Two Khmer Rouge leaders have denied any guilt as their trial concludes. The hybrid national and United Nations tribunal was set up in 2006 to try perpetrators for the worst crimes under Pol Pot's ultra-Maoist regime.

https://p.dw.com/p/1A9Rp
Former Khmer Rouge leader ''Brother Number Two'' Nuon Chea (C), is seen at the Extraordinary Chambers in the Courts of Cambodia (ECCC), in the outskirts of Phnom Penh in this handout picture (Photo: REUTERS/Mark Peters/ ECCC/Handout via Reuters)
Image: Reuters

Nuon Chea (pictured), known as Pol Pot's Brother No. 2 and the regime's chief ideologist, and former Khmer Rouge head of state Khieu Samphan, claimed the court could not hold them responsible for crimes that occurred under the regime. On trial for almost two years now, Nuon Chea, 87, and Khieu Samphan, 82, face charges of crimes against humanity and genocide between 1975 and 1979, when 1.7 million people met their deaths by execution, overwork or starvation.

"I didn't have any knowledge of the crimes committed," Nuon Chea told the court, asking for acquittal and claiming he only learned of atrocities after the government's fall. "Nonetheless I would like to express my deepest remorse and moral responsibility to the victims and Cambodian people who suffered," he added, admitting some fault because "loose and untidy control" within the regime allowed "treacherous subordinates" to commit atrocities.

Thursday marked the final day of the landmark trial, in which four defendants had initially faced prosecution, and throughout which many feared that the aging leaders would not live to see a verdict, expected early next year. Former foreign minister Ieng Sary died earlier this year and advanced dementia left his wife, Ieng Thirith, unfit for trial due to advanced dementia. Khmer Rouge leader Pol Pot died in 1998.

'Peace and prosperity'

For his part Khieu Samphan said he had only wanted "peace and prosperity for Cambodia."

"It's easy to say that I should have known everything," he said. "Do you really think that that was what I wanted to happen to my people?"
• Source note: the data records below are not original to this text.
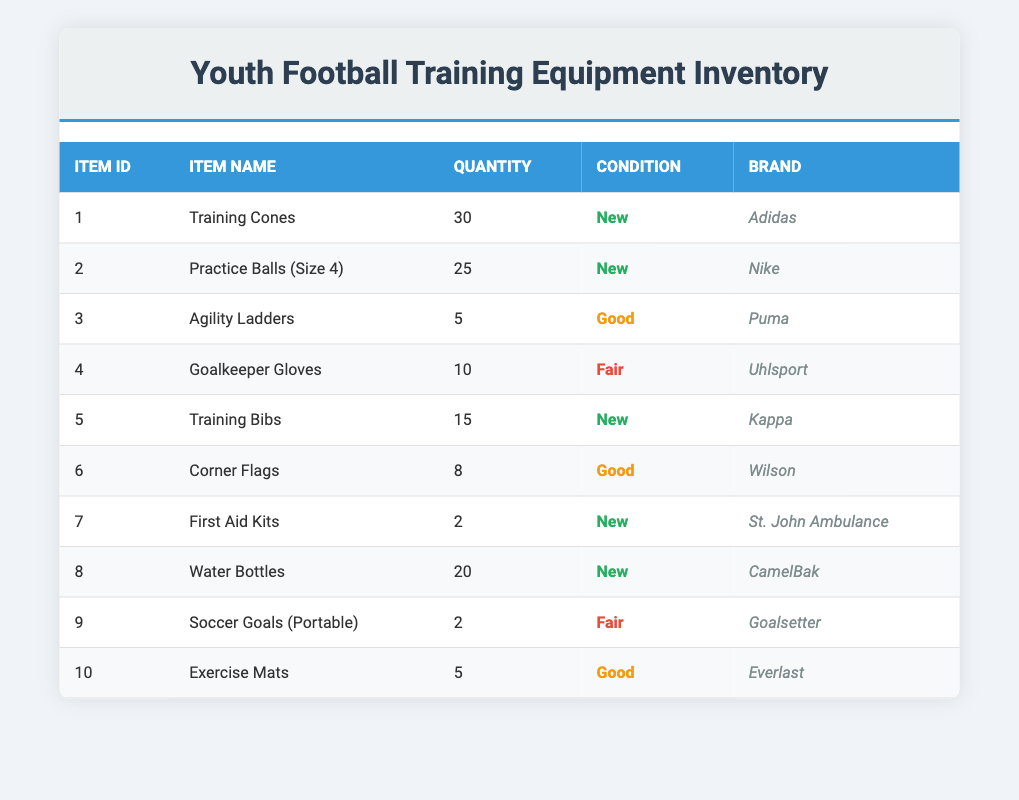What is the quantity of Training Cones? The table lists the item "Training Cones" under the item name column. The quantity for this item is 30 as shown in the quantity column.
Answer: 30 Which brand supplies the Practice Balls? Looking in the table, the item "Practice Balls (Size 4)" indicates the brand as "Nike." This is found under the brand column corresponding to that item.
Answer: Nike How many items are in Fair condition? The table lists three items in Fair condition: Goalkeeper Gloves and Soccer Goals (Portable). Counting these gives us a total of 2 items.
Answer: 2 What is the total number of water bottles and training bibs available? First, find the quantity of water bottles (20) and training bibs (15) in the respective rows. Then add them: 20 + 15 = 35.
Answer: 35 Are there more training bibs than agility ladders? The quantity of training bibs is 15, while the quantity of agility ladders is 5. Since 15 is greater than 5, the statement is true.
Answer: Yes What percentage of the inventory items are in New condition? There are 6 items listed as New out of a total of 10 items. To find the percentage, divide 6 by 10, then multiply by 100, giving us 60%.
Answer: 60% What are the two items that are in Fair condition and their quantities? By examining the table, the items in Fair condition are: Goalkeeper Gloves with a quantity of 10, and Soccer Goals (Portable) with a quantity of 2.
Answer: Goalkeeper Gloves (10), Soccer Goals (2) Which brand has the most equipment in the inventory? To determine the brand with the most equipment, we need to analyze the quantities: Adidas (30), Nike (25), Puma (5), Uhlsport (10), Kappa (15), Wilson (8), St. John Ambulance (2), CamelBak (20), Goalsetter (2), Everlast (5). Therefore, Adidas has the highest quantity with 30 items.
Answer: Adidas How many more First Aid Kits are there than Soccer Goals (Portable)? First, analyze the quantities: First Aid Kits (2) and Soccer Goals (Portable) (2). The difference is 2 - 2 = 0, indicating they are equal.
Answer: 0

The tribunal, launched in 2006, so far has convicted only one defendant, Khmer Rouge prison director Kaing Guek Eav, who had his sentence extended to life imprisonment in 2011. The present trial has focused on the forced movement of people and excludes some of the gravest charges related to genocide, detention centers and killings. The next trial will begin as soon as possible, but the tribunal has not set a date.